Several steps are typically performed to make data readable and machine understandable, such as data exploration, data collection, data profiling, data preparation, data integration, and data cleaning in various orders and iterations. These steps are applied to the original raw data before they are sent to the main application for further processing.
Data scientists spend approximately 80% of their time preparing the data and about 20% on actual model implementation and deployment. However, the time spent on data preparation can be decreased by a significant amount using sophisticated data preparation techniques, and, in turn, data scientists attain more time for model implementation and deployment.
Data preparation steps
In most cases, the preparation process consists of dozens of transformations that must be repeated several times. Despite technological advances for working with data, each of those transformations may involve much-handcrafted work and can consume a significant amount of time and effort. Thus, working with huge and diverse data remains a challenge. It is often agreed that data wrangling/preparation is the most tedious and time-consuming aspect of data analysis. It has become a bottleneck or “iceberg” for performing advanced data analysis, particularly on big data.
As we discussed, data preparation is not a single-step process. Rather, it usually comprises many individual preparation steps:
- Data discovery is analyzing and collecting data from different sources, for instance, to match patterns, find missing data, and locate outliers.
- Data validation comprises rules and constraints to inspect the data, for instance, for correctness, completeness, and other data quality constraints.
- Data structuring encompasses tasks for creating, representing, and structuring information. Examples include updating schema, detecting & changing encoding, and transforming data by example.

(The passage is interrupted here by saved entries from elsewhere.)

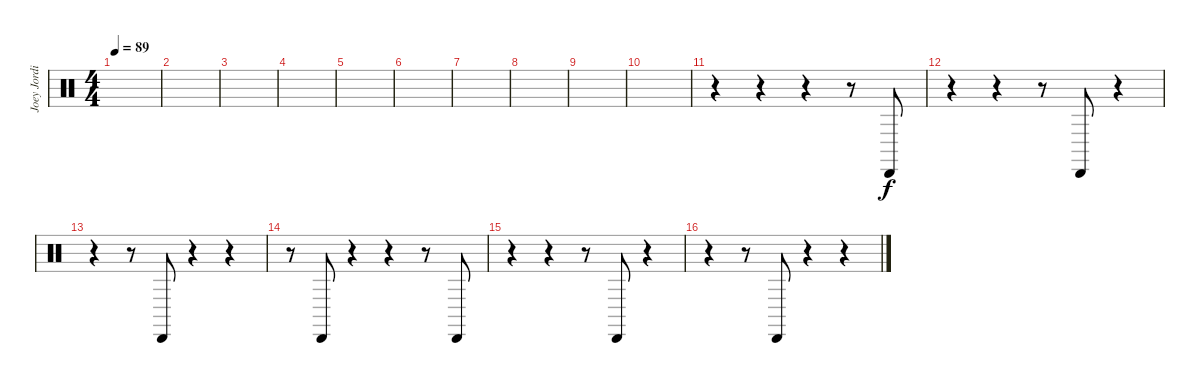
\track ("Joey Jordison" "Joey Jordi") {instrument percussion}
\staff {score}
\articulation defaults
\ts (4 4)
\tempo 89
\clef neutral
\ks c
|
|
|
|
|
|
|
|
|
|
r.4 r.4 r.4 r.8 "Cabasa (hit)".8 |
r.4 r.4 r.8 "Cabasa (hit)".8 r.4 |
r.4 r.8 "Cabasa (hit)".8 r.4 r.4 |
r.8 "Cabasa (hit)".8 r.4 r.4 r.8 "Cabasa (hit)".8 |
r.4 r.4 r.8 "Cabasa (hit)".8 r.4 |
r.4 r.8 "Cabasa (hit)".8 r.4 r.4

- Data enrichment adds value or supplementary information to existing data from separate sources. Typically, it involves augmenting existing data with new or derived data values using data lookups, primary key generation, and inserting metadata.
- Data filtering generates a subset of the data under consideration, facilitating manual inspection and removing irregular data rows or values. Examples include extracting text parts and keeping or deleting filtered rows.
- Data cleaning refers to the removal, addition, or replacement of less accurate or inaccurate data values with more suitable, accurate, or representative values. Typical examples are deduplication, filling in missing values, and removing whitespace.
Data preparation tools are vital to any data preparation process. They usually provide implementations of various preparators and a front end to sequentially apply preparations or to specify data preparation pipelines. These tools’ flexibility, robustness, and intelligence contribute significantly to data analysis and management tasks.